While the modelling shows that herding behaviour could negatively impact creators in a relaxed competition scenario, the reality is that this is beyond our control. Given the large volume of projects being launched on a daily basis, it is more likely that platforms have a tight competition scenario which is slowly evolving into a relaxed competition scenario, and therefore herding is helpful.
It also suggests that creators need to keep a careful eye on the platforms as they evolve over time, since it may be beneficial for platforms to move away from sharing OL signals, which could negatively impact creators who are trying to produce high quality products.
Ultimately, this paper helps us understand a basic model of reality - but not necessarily reality itself. However, the main takeaway for me is that herding behaviour of backers is important to understand and manage in order to have the best chance of creative success in crowdfunding.
What do you think? What resonated for you?
I don't think I follow the reasons / the trigger that allows for the relaxed competition environment to create a negative impact for high quality projects due to OL. In what way does this happen? Why does herding mentality make it happen?
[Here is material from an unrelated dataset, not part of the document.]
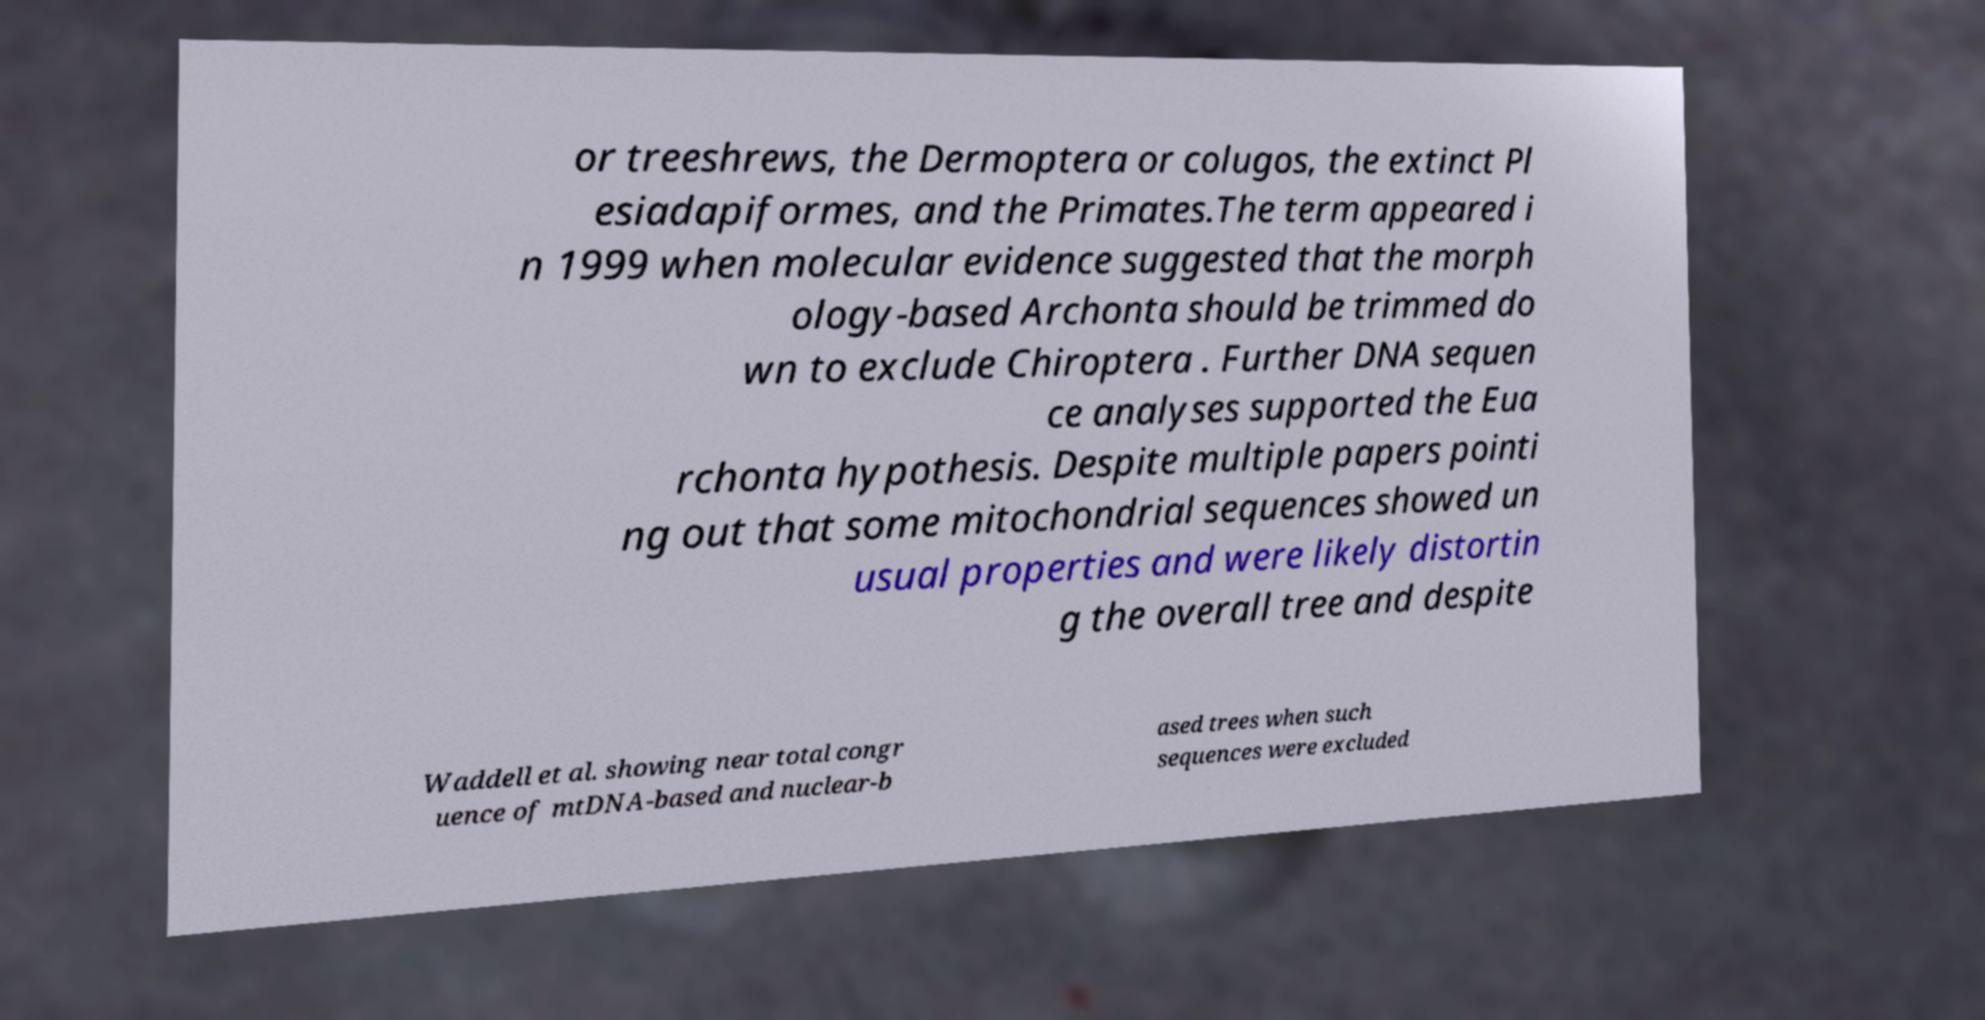For documentation purposes, I need the text within this image transcribed. Could you provide that? or treeshrews, the Dermoptera or colugos, the extinct Pl esiadapiformes, and the Primates.The term appeared i n 1999 when molecular evidence suggested that the morph ology-based Archonta should be trimmed do wn to exclude Chiroptera . Further DNA sequen ce analyses supported the Eua rchonta hypothesis. Despite multiple papers pointi ng out that some mitochondrial sequences showed un usual properties and were likely distortin g the overall tree and despite Waddell et al. showing near total congr uence of mtDNA-based and nuclear-b ased trees when such sequences were excluded

Yeah it’s a good question as it’s one of the areas they skip over a little in the paper. It’s a result of the probability distribution arising from backer expertise levels - which is maximized when backers tend to do their own thing (I.e., no herding behaviour). This makes it different to the tight competition curves which are maximized when there is herding.
It’s a probability so they’re right to point out that even a high quality project COULD be negatively impacted by herding in this model, but realistically it - but I suspect in reality this may not be the case.